Figures 11 and 12 show the use of two ripper teeth mounted on a 150 tonne pipeline plough of a third embodiment of the invention, in which parts common to the embodiment of Figures 6 to 9 are denoted by like reference numerals but increased by 200. The plough is capable of making a trench up to 2m deep utilising a towing force of up to 300 tonne. Two teeth reaching down more than 2m are required, separated by a distance of about a metre, to ensure enough rock is broken to achieve the required trench width.

The biggest single tooth ripper used behind a crawler tractor is intended to be pushed down with 30 tonne forces, pulled with 50 tonne and cuts a maximum of 1.6m deep. A ripper plough based on a telecom cable plough is therefore well within existing technology. However, to fully exploit the weight and pull of a pipeline plough would require either very massive ripper teeth or some method of retracting the teeth if the ripping force became too large.

Each tooth 312 is pivoted about an axis 314 under the control of a hydraulic cylinder 315. Each cylinder is connected to a preloaded hydraulic accumulator which will allow the tooth to move backwards when the force on the tip exceeds a preset value of, say, 100 tonne. This helps to share the available rock breaking force between the two teeth, as well as to prevent overloads. When there is no rock present the teeth can be swung up out of work by cylinder 380 so that normal ploughing can resume.

As pipeline routes are generally much shorter than telephone cable lines the pipeline plough ripper is not fitted with replaceable tips.

Figure 13 is a schematic side elevation view of a submarine cable plough 400 of a fourth embodiment of the invention.

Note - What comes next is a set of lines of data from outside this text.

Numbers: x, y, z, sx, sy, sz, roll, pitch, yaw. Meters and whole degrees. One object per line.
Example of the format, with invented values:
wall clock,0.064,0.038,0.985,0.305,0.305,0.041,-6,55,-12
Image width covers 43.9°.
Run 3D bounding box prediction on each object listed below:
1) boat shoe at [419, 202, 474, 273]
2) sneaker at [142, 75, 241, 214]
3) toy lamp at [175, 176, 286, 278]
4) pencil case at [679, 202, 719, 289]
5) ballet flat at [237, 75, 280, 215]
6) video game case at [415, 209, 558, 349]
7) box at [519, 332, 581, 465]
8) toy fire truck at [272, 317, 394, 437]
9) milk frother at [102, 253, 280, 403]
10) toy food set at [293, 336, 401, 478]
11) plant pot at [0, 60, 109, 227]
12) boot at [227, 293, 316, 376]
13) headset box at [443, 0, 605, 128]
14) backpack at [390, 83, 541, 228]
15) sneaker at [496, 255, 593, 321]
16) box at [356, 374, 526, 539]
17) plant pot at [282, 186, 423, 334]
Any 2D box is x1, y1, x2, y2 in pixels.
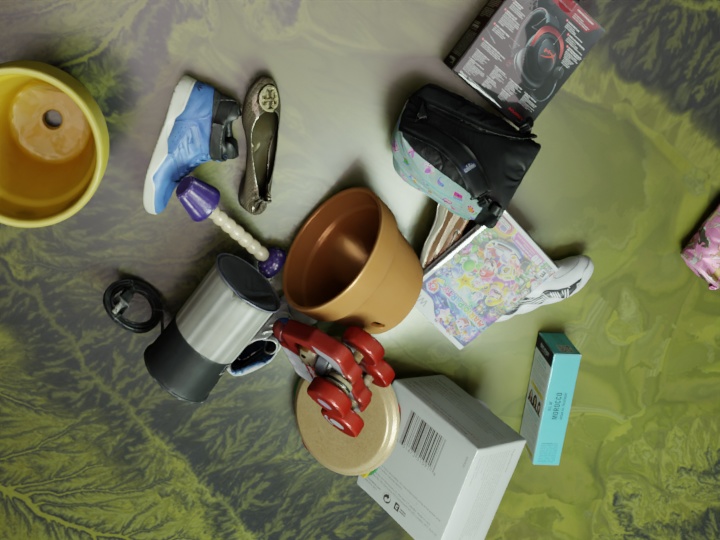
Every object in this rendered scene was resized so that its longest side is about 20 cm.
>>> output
boat shoe,0.139,-0.043,1.357,0.071,0.076,0.204,21,110,16
sneaker,-0.234,-0.161,1.274,0.109,0.077,0.204,21,101,-4
toy lamp,-0.188,-0.064,1.298,0.058,0.059,0.200,-41,130,9
pencil case,0.596,-0.069,1.412,0.082,0.087,0.201,24,109,-48
ballet flat,-0.141,-0.175,1.286,0.066,0.046,0.204,-9,119,-41
video game case,0.180,0.014,1.348,0.199,0.018,0.143,-41,115,17
box,0.312,0.212,1.481,0.048,0.083,0.205,3,111,-9
toy fire truck,-0.052,0.137,1.290,0.113,0.166,0.201,-55,153,-18
milk frother,-0.250,0.048,1.297,0.198,0.181,0.189,34,107,-24
toy food set,-0.024,0.224,1.412,0.199,0.048,0.201,37,110,21
plant pot,-0.426,-0.182,1.183,0.195,0.190,0.206,-2,112,-6
boot,-0.123,0.093,1.374,0.198,0.096,0.074,-35,111,7
headset box,0.238,-0.327,1.272,0.147,0.075,0.201,34,103,-18
backpack,0.135,-0.163,1.264,0.198,0.127,0.168,31,61,5
sneaker,0.262,-0.004,1.396,0.196,0.075,0.117,-22,114,5
box,0.123,0.302,1.410,0.129,0.198,0.204,1,115,-44
plant pot,0.000,0.000,1.316,0.200,0.201,0.139,-46,127,11

Parts common to the embodiment of Figures 6 to 9 are denoted by like reference numerals but increased by 300. The plough 400 has a plough body 403 supported at a front part thereof by skids 490, and a plough share 405 having a cutting edge 406 and a heel 408.

The plough share 405 is also provided with a forecutter 491 for cutting through soil and located forwardly of the cutting edge 406. A ripper 412 pivots about a pivot axis 414 between a working position shown in solid lines in the figure and a stowed position 492 shown in dotted line under the action of a hydraulic cylinder 493. The ripper 412 is provided with an aperture 494 which is engaged by tip 495 of forecutter 491 to restrain the ripper 412 against rearward and sideways movement.

Since the forecutter 491 gives support to the ripper 412 in its working position, the hydraulic cylinder 493 does not need to hold the ripper 412 in position and therefore does not need to be particularly large.

It will be appreciated by persons skilled in the art that the above embodiments have been described by way of example only and not in any limitative sense, and that various alterations and modifications are possible without departure from the scope of the invention as defined by the appended claims. For example, it will be appreciated that various features of the different embodiments described above can be combined and/or omitted.